**Stored data entries**

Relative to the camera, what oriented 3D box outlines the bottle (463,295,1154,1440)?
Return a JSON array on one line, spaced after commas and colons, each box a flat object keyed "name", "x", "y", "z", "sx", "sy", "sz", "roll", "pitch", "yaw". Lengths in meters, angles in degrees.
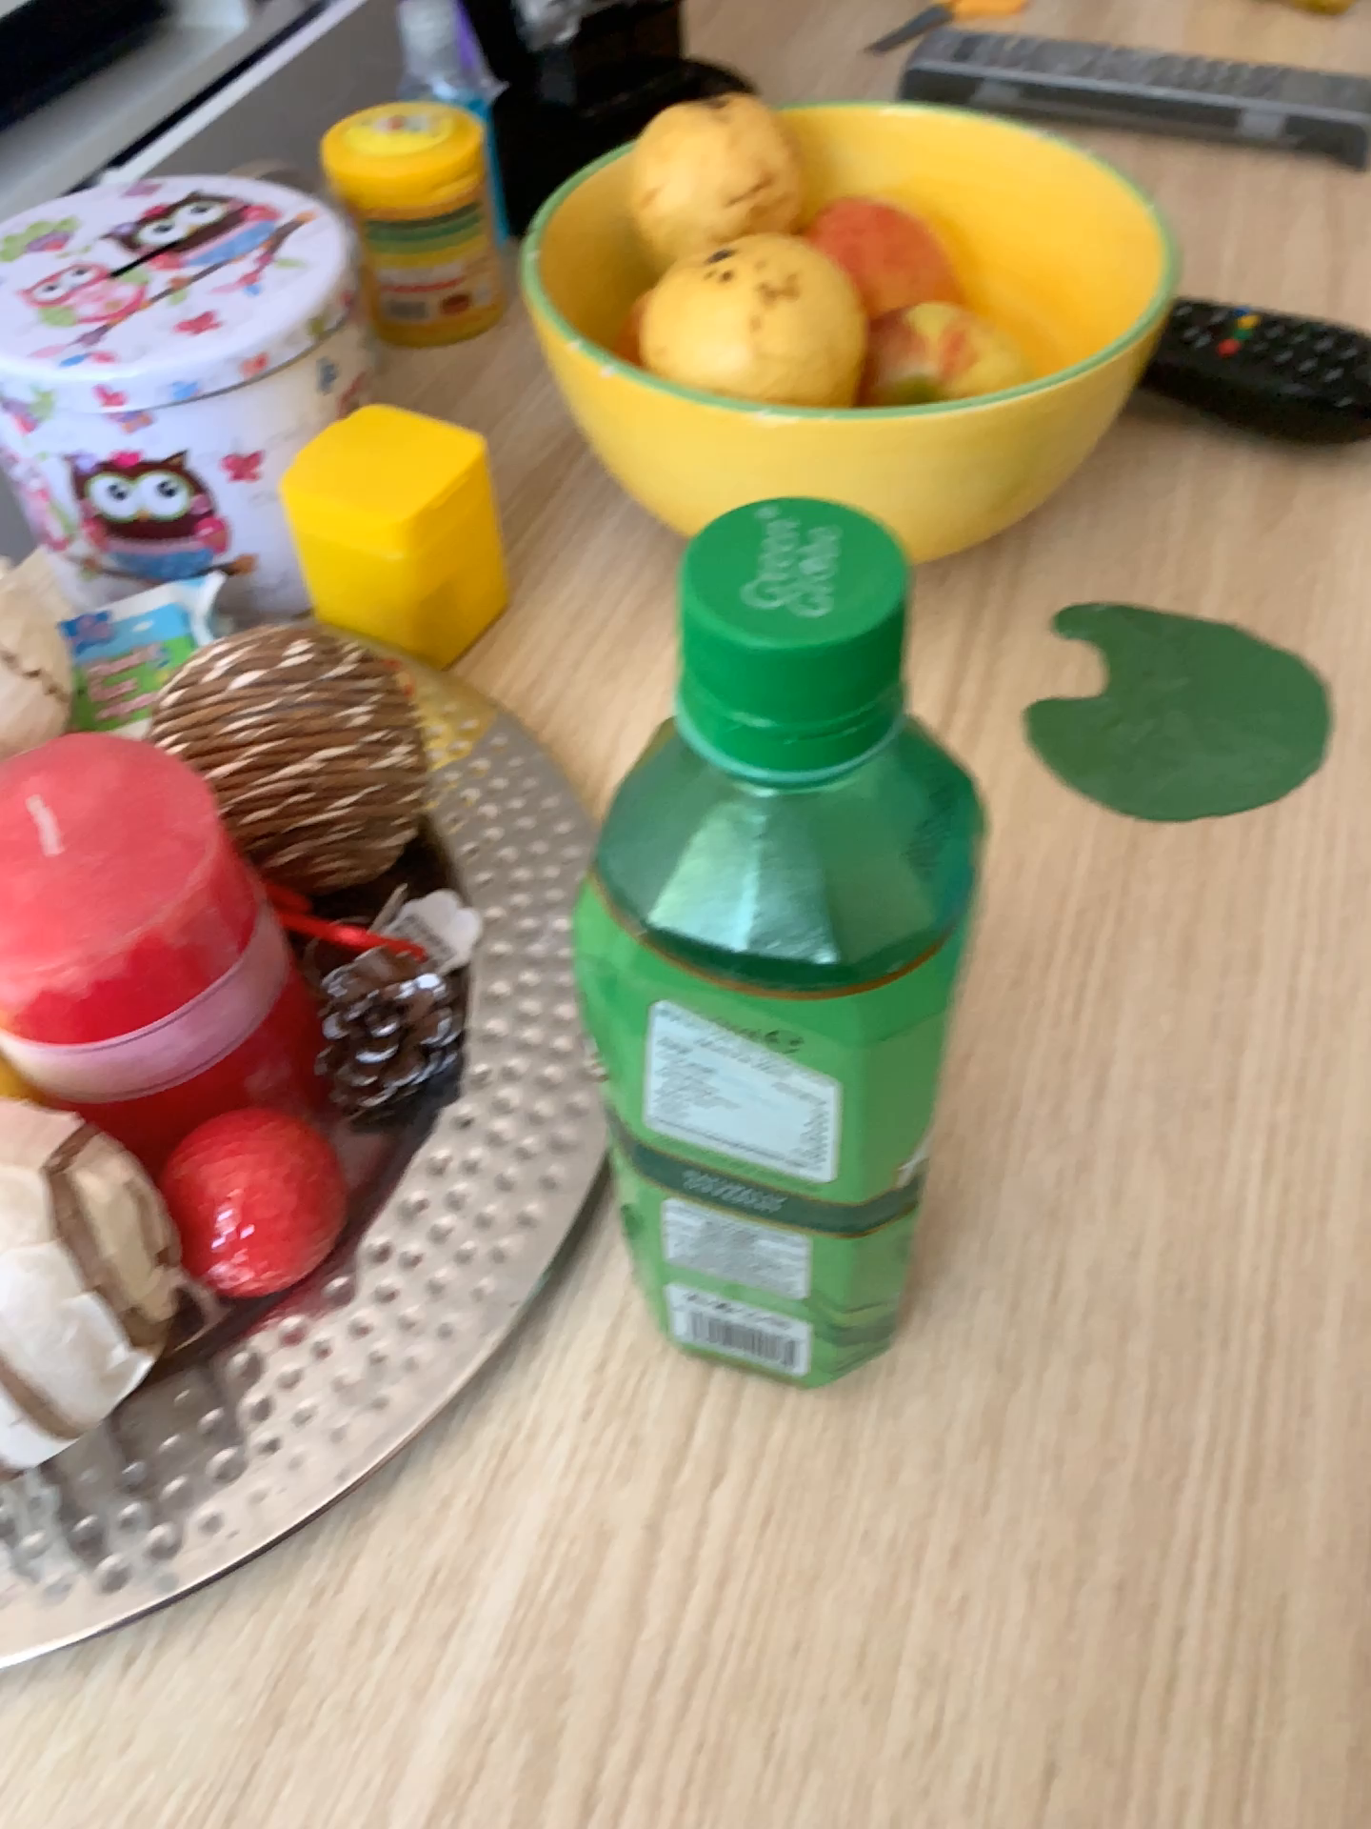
[{"name": "bottle", "x": 0.023, "y": 0.014, "z": 0.258, "sx": 0.070, "sy": 0.218, "sz": 0.071, "roll": -2, "pitch": 51, "yaw": 2}]
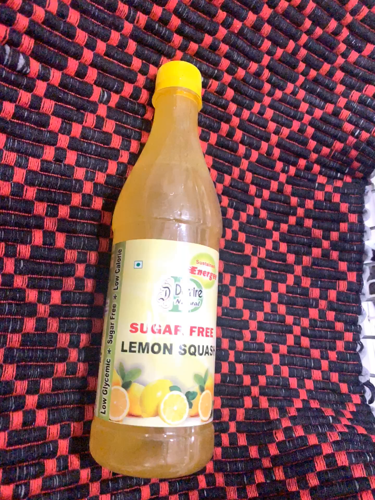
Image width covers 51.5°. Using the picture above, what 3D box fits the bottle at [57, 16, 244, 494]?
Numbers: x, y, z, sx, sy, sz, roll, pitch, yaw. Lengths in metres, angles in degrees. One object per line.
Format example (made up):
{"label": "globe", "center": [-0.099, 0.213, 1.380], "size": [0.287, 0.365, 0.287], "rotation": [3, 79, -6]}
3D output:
{"label": "bottle", "center": [-0.017, -0.005, 0.222], "size": [0.070, 0.060, 0.230], "rotation": [12, 70, -33]}
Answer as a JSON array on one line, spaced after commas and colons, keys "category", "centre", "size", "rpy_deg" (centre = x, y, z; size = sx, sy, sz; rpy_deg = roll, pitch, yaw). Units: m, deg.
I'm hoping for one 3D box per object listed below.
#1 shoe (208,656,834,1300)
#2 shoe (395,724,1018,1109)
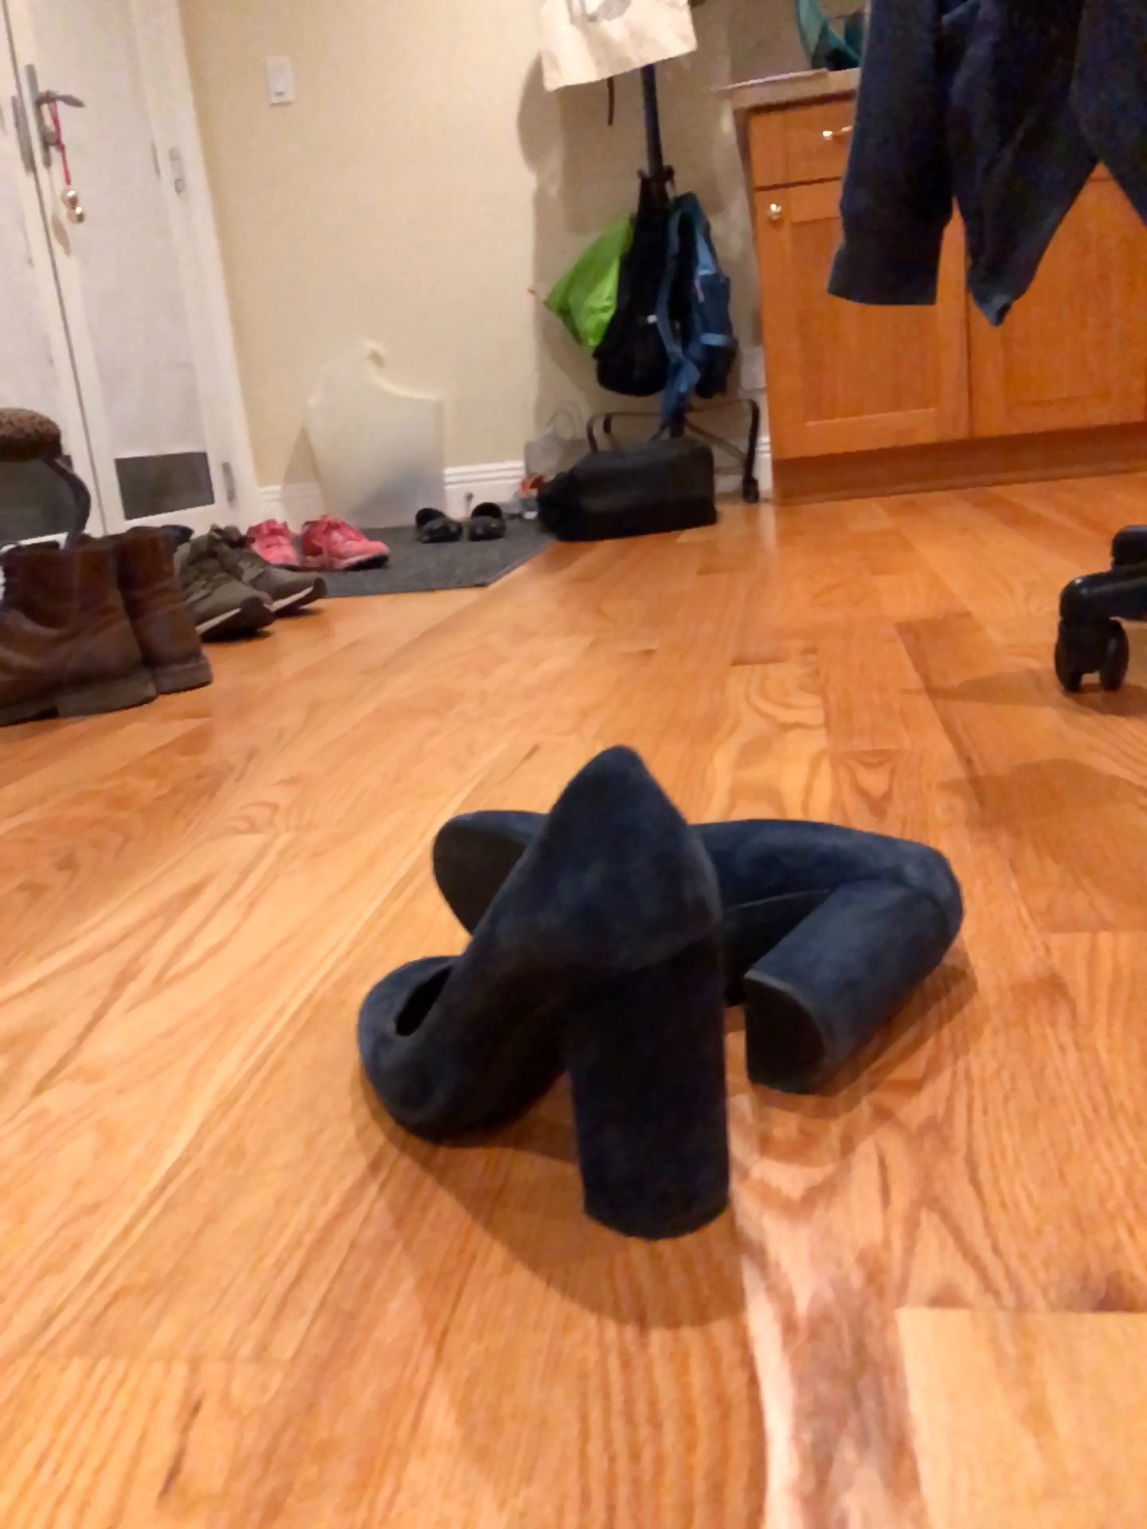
[{"category": "shoe", "centre": [-0.029, 0.050, 0.436], "size": [0.080, 0.146, 0.226], "rpy_deg": [-17, 19, -37]}, {"category": "shoe", "centre": [0.057, 0.047, 0.526], "size": [0.204, 0.080, 0.152], "rpy_deg": [6, 19, 37]}]
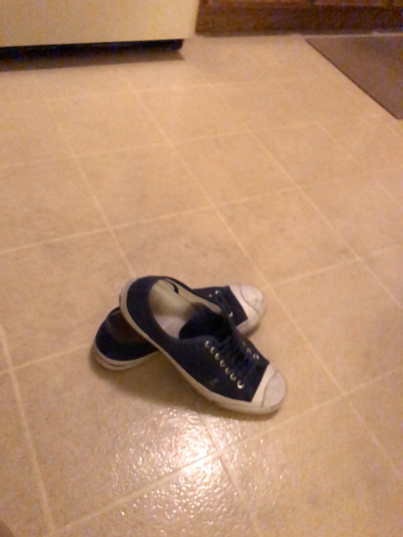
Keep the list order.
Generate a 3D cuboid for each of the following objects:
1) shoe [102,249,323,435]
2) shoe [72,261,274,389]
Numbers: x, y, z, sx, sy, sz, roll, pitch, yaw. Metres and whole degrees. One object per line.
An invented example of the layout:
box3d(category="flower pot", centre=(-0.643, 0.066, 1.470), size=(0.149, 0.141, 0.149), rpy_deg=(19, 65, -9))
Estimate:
box3d(category="shoe", centre=(0.017, 0.109, 0.636), size=(0.290, 0.100, 0.100), rpy_deg=(37, 67, -13))
box3d(category="shoe", centre=(-0.040, 0.079, 0.708), size=(0.291, 0.080, 0.110), rpy_deg=(-12, 58, -31))
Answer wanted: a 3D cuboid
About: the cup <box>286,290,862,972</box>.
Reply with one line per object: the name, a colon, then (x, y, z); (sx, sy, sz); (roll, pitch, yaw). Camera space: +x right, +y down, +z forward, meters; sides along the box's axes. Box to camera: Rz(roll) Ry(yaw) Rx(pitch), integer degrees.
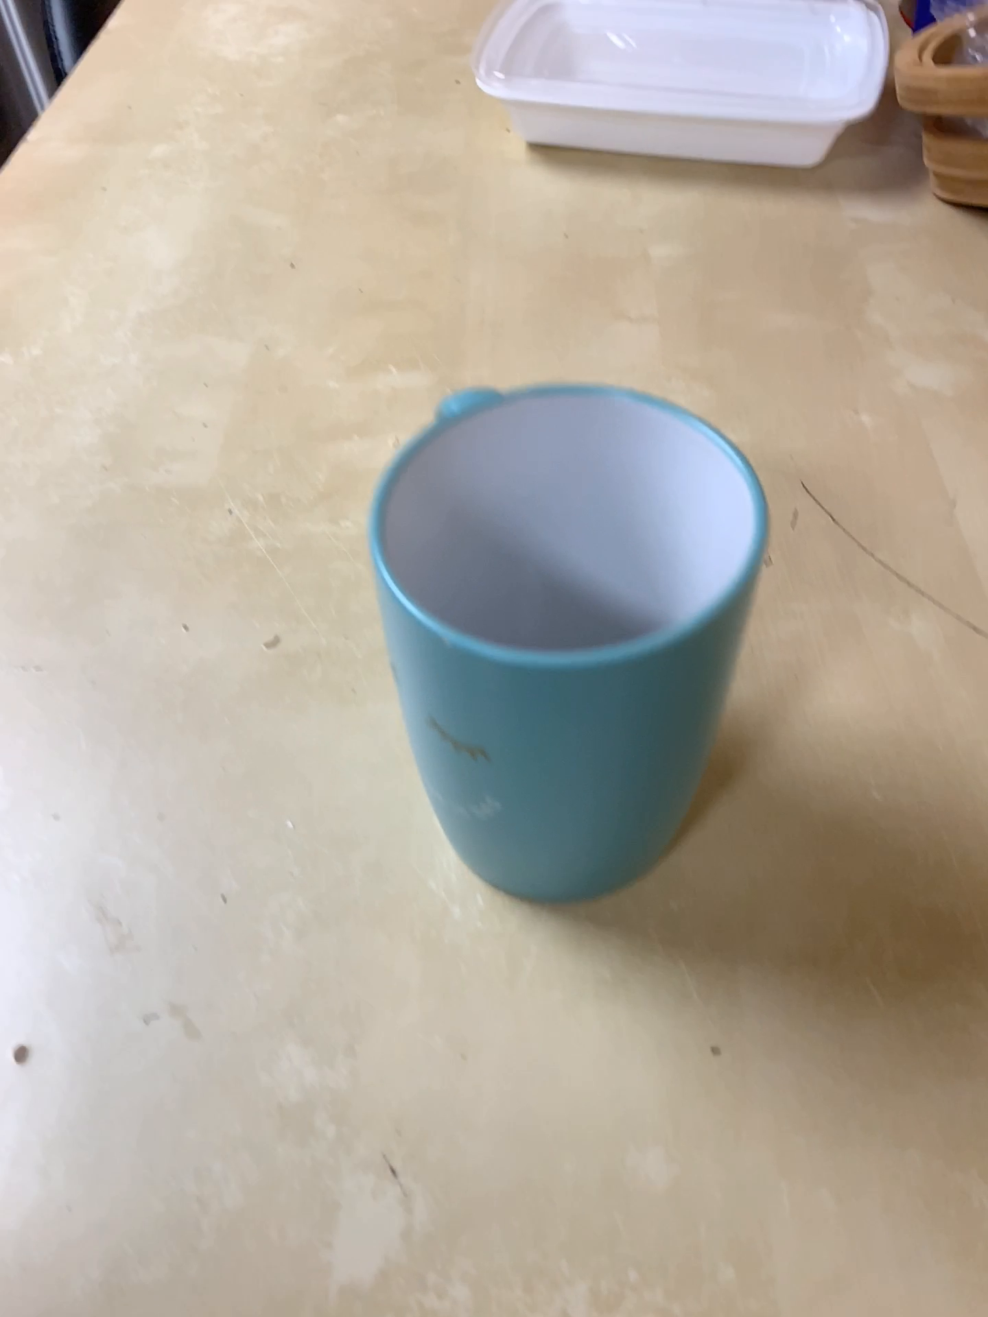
cup: (0.012, -0.008, 0.275); (0.091, 0.114, 0.122); (-17, 52, -11)
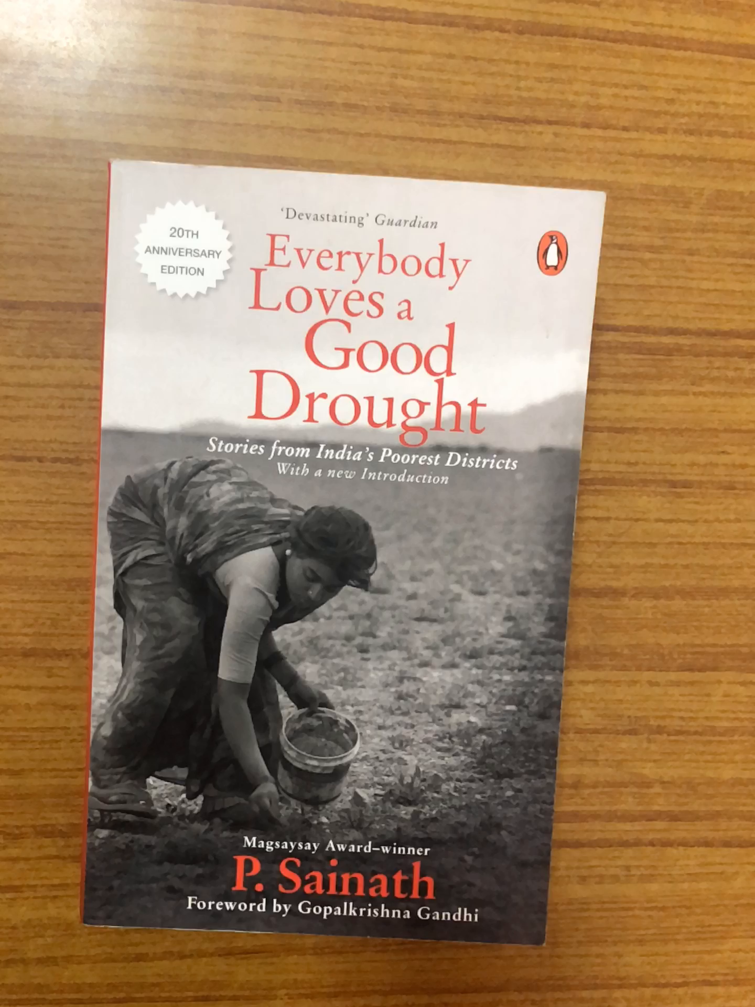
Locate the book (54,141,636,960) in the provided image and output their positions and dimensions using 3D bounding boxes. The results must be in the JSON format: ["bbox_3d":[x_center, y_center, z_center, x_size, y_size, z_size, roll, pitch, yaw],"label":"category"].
[{"bbox_3d":[-0.011,0.018,0.242,0.140,0.040,0.210,3,95,-6],"label":"book"}]
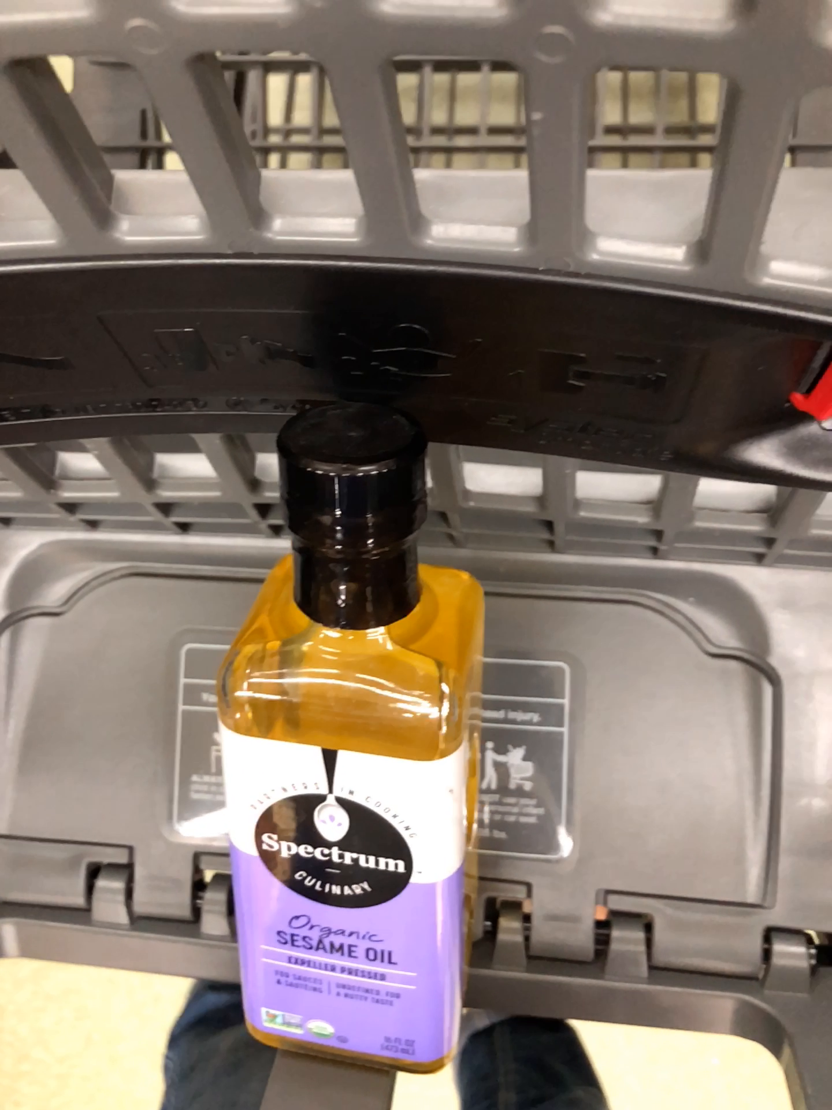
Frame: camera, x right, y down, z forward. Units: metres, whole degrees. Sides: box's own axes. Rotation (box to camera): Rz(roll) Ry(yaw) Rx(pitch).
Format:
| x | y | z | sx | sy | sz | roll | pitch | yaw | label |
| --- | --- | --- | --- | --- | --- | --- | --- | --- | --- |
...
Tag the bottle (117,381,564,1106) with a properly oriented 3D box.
| x | y | z | sx | sy | sz | roll | pitch | yaw | label |
| --- | --- | --- | --- | --- | --- | --- | --- | --- | --- |
| -0.012 | 0.062 | 0.252 | 0.080 | 0.065 | 0.201 | 6 | 127 | 6 | bottle |
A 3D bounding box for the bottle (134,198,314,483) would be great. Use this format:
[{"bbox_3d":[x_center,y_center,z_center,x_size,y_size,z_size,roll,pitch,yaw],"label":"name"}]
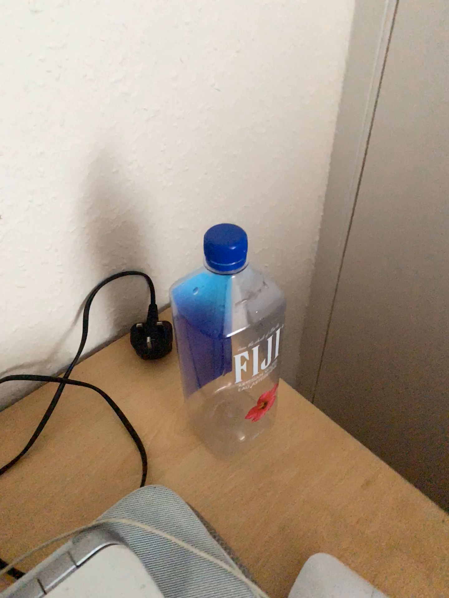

**WORK INSTRUCTIONS**
Across the records above, how many lines contain the word "cuboid"? Please give that number alone.

**WRITTEN ANSWER**
2